No deal would have been significantly more disruptive, significantly more costly.
And I think, as importantly, a no deal outcome would have set the UK and its European partners
at loggerheads, as each side blamed the other for the collapse of the talks.
And that would have gone in the way of cooperation on security, on climate, on all kinds of things
for weeks, if not months. So compared to that outcome, a deal is a win. From the American
perspective, Britain's role as a global leader has been crucial. I mean, the UK has a permanent
seat on the UN Security Council. It's a powerful force in NATO. How do you see that changing after this
Brexit deal? I mean, what I'd say is the one bit you miss there is that the UK has also been useful
to the US as a friend inside the European Union. That is to say, an Atlanticist, liberal, free
trading state that could shape EU decisions and make the case for Atlanticism and free trade at
the heart of the European Union. I think the US will miss that. I suspect the UK will make efforts to be an even more activist
foreign policy player, because the government is keen to ram home that message. We might have
turned our back on European Union membership, but we haven't turned our back on the world
or on our responsibilities as a key defender of the liberal international order.

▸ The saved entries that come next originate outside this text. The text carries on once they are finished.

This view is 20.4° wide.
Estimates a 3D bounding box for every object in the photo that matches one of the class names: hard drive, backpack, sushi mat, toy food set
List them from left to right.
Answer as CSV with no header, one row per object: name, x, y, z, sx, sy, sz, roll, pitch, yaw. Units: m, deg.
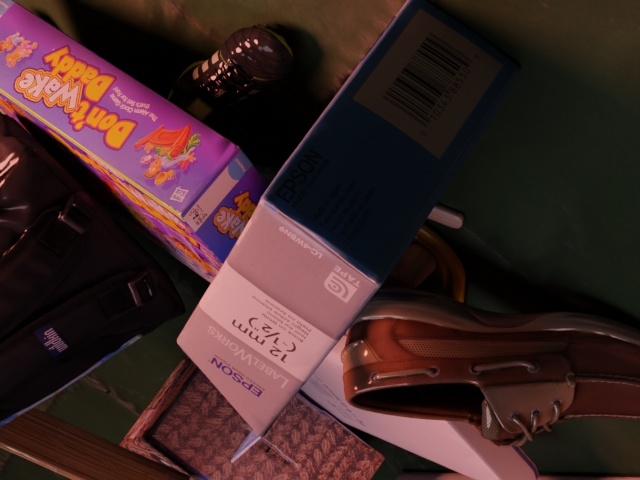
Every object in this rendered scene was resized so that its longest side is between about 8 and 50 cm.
backpack,-0.365,0.064,1.712,0.273,0.355,0.290,39,173,47
sushi mat,-0.281,0.219,1.903,0.316,0.019,0.151,26,-168,-9
hard drive,0.059,0.157,1.860,0.318,0.040,0.210,18,156,48
toy food set,0.066,0.036,1.679,0.128,0.071,0.218,26,153,18

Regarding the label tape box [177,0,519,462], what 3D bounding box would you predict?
label tape box,0.000,0.000,1.434,0.115,0.249,0.348,36,145,-2

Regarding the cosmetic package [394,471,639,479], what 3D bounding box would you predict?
cosmetic package,0.211,0.386,1.923,0.161,0.230,0.453,45,154,-21

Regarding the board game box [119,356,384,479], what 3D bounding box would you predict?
board game box,-0.090,0.251,2.102,0.232,0.141,0.291,38,164,-5

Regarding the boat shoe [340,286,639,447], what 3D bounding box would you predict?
boat shoe,0.173,0.132,1.594,0.324,0.116,0.123,7,149,11

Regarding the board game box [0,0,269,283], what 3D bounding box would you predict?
board game box,-0.165,-0.072,1.636,0.347,0.078,0.233,33,168,36

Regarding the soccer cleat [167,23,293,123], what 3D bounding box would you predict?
soccer cleat,-0.082,-0.138,1.558,0.060,0.072,0.179,43,153,-16
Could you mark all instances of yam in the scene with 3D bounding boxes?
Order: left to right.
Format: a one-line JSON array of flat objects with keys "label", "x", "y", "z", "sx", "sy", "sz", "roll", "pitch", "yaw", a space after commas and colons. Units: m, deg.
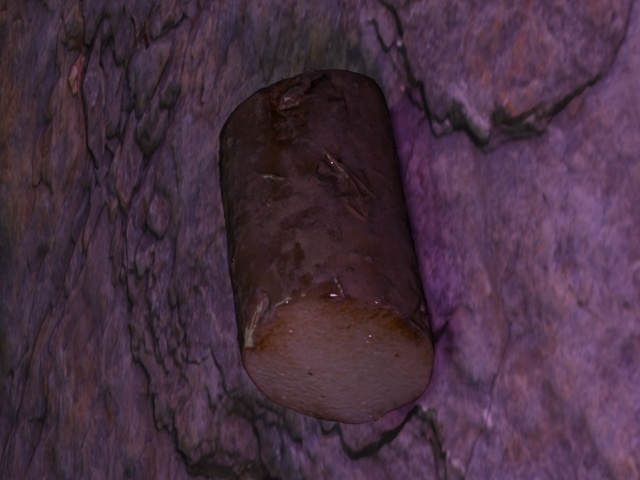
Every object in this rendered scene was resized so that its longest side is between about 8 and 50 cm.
[{"label": "yam", "x": 0.000, "y": 0.000, "z": 1.479, "sx": 0.161, "sy": 0.161, "sz": 0.268, "roll": 128, "pitch": 145, "yaw": -47}]

I'm curious, as a person who has devoted your professional life to following this saga over the years,
can you just tell us how you personally feel now that this deal has finally happened?
I found every step of the journey very, very interesting
because so many weird and wonderful things have happened in British politics.
Wonderful, broadly defined.
From the perspective of a political scientist,
you could not hope to live through a more interesting time to study the politics of
your country. The other thing for me that is fascinating, though, is that for many people
who supported Brexit, leaving the European Union wasn't an end in itself. It was a means to an end.
That is to say, if we leave the European Union, then we can dot, dot, dot, you fill in that blank
as you want, become a more activist international player, deregulate in a way the European Union would never let us. So actually,
the real test of Brexit in many ways is yet to come, which is now you've got that freedom.
What the hell are you going to do with it? And how are you going to make people's lives better
because of it, despite the fact that you're in charge of an economy that is growing less fast than
it would have done had we not left in the first place.
Anand Menon, he is the director of the think tank UK in a Changing Europe.
You're listening to Consider This from NPR. I'm Ari Shapiro.